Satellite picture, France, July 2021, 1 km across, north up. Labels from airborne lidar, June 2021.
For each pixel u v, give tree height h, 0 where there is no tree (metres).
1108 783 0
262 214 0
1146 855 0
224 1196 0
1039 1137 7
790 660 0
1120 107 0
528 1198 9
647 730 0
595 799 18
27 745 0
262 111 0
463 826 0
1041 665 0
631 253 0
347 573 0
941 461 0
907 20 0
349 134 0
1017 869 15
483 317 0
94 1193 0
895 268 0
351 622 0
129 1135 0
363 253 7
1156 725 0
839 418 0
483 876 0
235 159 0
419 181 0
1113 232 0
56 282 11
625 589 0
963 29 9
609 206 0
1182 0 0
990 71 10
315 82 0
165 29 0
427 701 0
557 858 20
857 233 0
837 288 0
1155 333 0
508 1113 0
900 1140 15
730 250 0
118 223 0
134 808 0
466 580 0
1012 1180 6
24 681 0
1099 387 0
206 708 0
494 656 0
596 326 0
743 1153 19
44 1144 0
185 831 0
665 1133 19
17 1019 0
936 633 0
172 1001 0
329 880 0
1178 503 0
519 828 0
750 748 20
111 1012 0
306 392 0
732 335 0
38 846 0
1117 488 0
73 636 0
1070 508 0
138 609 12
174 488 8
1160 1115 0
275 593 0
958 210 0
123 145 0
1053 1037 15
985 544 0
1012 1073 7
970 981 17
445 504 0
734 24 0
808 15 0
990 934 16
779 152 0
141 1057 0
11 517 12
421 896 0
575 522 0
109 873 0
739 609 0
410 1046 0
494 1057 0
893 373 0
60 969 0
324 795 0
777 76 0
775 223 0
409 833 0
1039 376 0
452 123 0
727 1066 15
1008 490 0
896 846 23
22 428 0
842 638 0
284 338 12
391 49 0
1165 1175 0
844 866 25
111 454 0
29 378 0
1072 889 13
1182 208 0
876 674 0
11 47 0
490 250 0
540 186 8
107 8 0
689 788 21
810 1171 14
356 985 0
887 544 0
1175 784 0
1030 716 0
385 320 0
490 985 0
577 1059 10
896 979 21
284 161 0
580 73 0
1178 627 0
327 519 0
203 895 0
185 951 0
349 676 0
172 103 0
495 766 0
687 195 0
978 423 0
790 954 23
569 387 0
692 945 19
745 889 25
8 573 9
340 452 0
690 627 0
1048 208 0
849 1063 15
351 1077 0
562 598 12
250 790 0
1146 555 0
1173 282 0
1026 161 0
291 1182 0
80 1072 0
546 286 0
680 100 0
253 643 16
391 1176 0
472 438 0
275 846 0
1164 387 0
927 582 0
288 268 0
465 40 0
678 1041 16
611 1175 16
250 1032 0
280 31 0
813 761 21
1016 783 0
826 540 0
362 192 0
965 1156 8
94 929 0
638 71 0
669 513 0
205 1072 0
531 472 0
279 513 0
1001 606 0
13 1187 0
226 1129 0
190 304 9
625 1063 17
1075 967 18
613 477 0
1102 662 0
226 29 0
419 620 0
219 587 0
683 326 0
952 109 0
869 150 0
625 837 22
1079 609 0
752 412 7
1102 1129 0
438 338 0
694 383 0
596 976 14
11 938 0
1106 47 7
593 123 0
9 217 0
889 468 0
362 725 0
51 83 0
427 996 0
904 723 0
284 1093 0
########################################
Task brief
Would you please write out the entire listing exactly?

Output of the exercise
Satellite picture, France, July 2021, 1 km across, north up. Labels from airborne lidar, June 2021.
For each pixel u v, give tree height h, 0 where there is no tree (metres).
1108 783 0
262 214 0
1146 855 0
224 1196 0
1039 1137 7
790 660 0
1120 107 0
528 1198 9
647 730 0
595 799 18
27 745 0
262 111 0
463 826 0
1041 665 0
631 253 0
347 573 0
941 461 0
907 20 0
349 134 0
1017 869 15
483 317 0
94 1193 0
895 268 0
351 622 0
129 1135 0
363 253 7
1156 725 0
839 418 0
483 876 0
235 159 0
419 181 0
1113 232 0
56 282 11
625 589 0
963 29 9
609 206 0
1182 0 0
990 71 10
315 82 0
165 29 0
427 701 0
557 858 20
857 233 0
837 288 0
1155 333 0
508 1113 0
900 1140 15
730 250 0
118 223 0
134 808 0
466 580 0
1012 1180 6
24 681 0
1099 387 0
206 708 0
494 656 0
596 326 0
743 1153 19
44 1144 0
185 831 0
665 1133 19
17 1019 0
936 633 0
172 1001 0
329 880 0
1178 503 0
519 828 0
750 748 20
111 1012 0
306 392 0
732 335 0
38 846 0
1117 488 0
73 636 0
1070 508 0
138 609 12
174 488 8
1160 1115 0
275 593 0
958 210 0
123 145 0
1053 1037 15
985 544 0
1012 1073 7
970 981 17
445 504 0
734 24 0
808 15 0
990 934 16
779 152 0
141 1057 0
11 517 12
421 896 0
575 522 0
109 873 0
739 609 0
410 1046 0
494 1057 0
893 373 0
60 969 0
324 795 0
777 76 0
775 223 0
409 833 0
1039 376 0
452 123 0
727 1066 15
1008 490 0
896 846 23
22 428 0
842 638 0
284 338 12
391 49 0
1165 1175 0
844 866 25
111 454 0
29 378 0
1072 889 13
1182 208 0
876 674 0
11 47 0
490 250 0
540 186 8
107 8 0
689 788 21
810 1171 14
356 985 0
887 544 0
1175 784 0
1030 716 0
385 320 0
490 985 0
577 1059 10
896 979 21
284 161 0
580 73 0
1178 627 0
327 519 0
203 895 0
185 951 0
349 676 0
172 103 0
495 766 0
687 195 0
978 423 0
790 954 23
569 387 0
692 945 19
745 889 25
8 573 9
340 452 0
690 627 0
1048 208 0
849 1063 15
351 1077 0
562 598 12
250 790 0
1146 555 0
1173 282 0
1026 161 0
291 1182 0
80 1072 0
546 286 0
680 100 0
253 643 16
391 1176 0
472 438 0
275 846 0
1164 387 0
927 582 0
288 268 0
465 40 0
678 1041 16
611 1175 16
250 1032 0
280 31 0
813 761 21
1016 783 0
826 540 0
362 192 0
965 1156 8
94 929 0
638 71 0
669 513 0
205 1072 0
531 472 0
279 513 0
1001 606 0
13 1187 0
226 1129 0
190 304 9
625 1063 17
1075 967 18
613 477 0
1102 662 0
226 29 0
419 620 0
219 587 0
683 326 0
952 109 0
869 150 0
625 837 22
1079 609 0
752 412 7
1102 1129 0
438 338 0
694 383 0
596 976 14
11 938 0
1106 47 7
593 123 0
9 217 0
889 468 0
362 725 0
51 83 0
427 996 0
904 723 0
284 1093 0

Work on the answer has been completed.